Please determine how many lines of the material include the word "name", and respond with nothing but that number.
• • • •
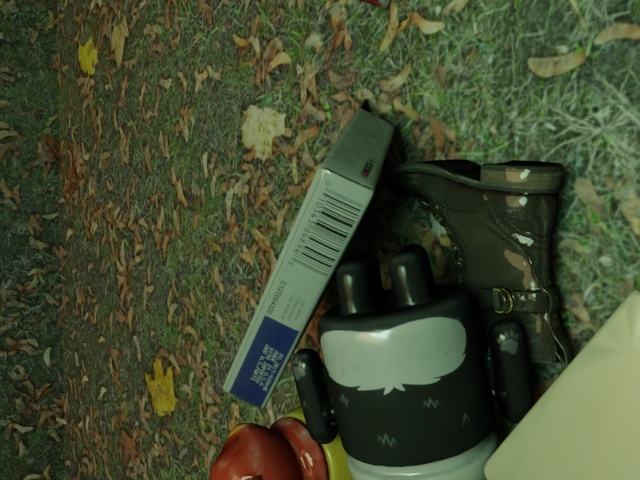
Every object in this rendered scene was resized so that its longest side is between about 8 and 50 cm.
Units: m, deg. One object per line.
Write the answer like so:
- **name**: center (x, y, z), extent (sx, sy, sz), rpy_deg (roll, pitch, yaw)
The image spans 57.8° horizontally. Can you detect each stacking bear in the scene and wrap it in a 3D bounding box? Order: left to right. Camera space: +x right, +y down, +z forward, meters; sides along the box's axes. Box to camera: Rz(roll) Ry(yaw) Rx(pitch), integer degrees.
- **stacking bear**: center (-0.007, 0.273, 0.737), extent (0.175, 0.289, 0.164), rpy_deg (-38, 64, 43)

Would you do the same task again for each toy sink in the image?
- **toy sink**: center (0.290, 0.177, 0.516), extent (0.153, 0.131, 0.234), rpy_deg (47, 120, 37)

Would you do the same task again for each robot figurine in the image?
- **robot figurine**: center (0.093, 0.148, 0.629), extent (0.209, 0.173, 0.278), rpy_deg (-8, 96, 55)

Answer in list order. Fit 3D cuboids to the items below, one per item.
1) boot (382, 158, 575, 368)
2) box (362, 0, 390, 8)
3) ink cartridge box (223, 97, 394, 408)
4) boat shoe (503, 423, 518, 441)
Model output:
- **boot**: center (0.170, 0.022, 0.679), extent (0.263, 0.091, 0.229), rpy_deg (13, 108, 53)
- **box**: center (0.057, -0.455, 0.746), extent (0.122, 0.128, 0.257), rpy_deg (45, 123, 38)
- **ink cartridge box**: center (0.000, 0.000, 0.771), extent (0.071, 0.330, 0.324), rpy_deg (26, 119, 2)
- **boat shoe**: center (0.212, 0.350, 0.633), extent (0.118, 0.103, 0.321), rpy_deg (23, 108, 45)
• • • •
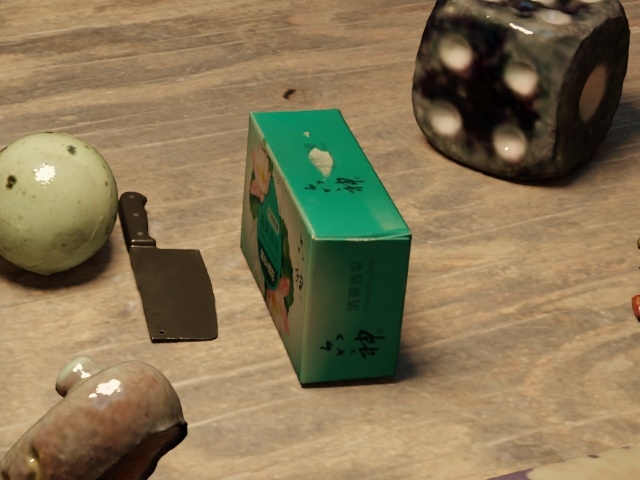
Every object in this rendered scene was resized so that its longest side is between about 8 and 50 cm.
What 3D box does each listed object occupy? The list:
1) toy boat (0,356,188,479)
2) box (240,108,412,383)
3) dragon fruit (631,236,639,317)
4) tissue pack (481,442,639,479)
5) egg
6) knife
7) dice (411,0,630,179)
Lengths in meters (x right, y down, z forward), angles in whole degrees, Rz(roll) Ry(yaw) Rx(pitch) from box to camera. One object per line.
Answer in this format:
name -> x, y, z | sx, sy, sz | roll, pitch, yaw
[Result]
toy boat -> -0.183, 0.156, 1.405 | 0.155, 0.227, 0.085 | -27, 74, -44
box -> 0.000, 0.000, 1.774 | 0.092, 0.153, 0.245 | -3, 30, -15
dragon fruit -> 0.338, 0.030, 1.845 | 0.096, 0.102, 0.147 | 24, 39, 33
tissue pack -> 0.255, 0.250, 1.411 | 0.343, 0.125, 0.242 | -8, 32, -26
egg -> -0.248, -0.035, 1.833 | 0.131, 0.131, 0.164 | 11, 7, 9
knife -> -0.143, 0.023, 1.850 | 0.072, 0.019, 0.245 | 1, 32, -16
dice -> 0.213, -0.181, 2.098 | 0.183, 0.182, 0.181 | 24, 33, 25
• • • •
[Exercise answer] 2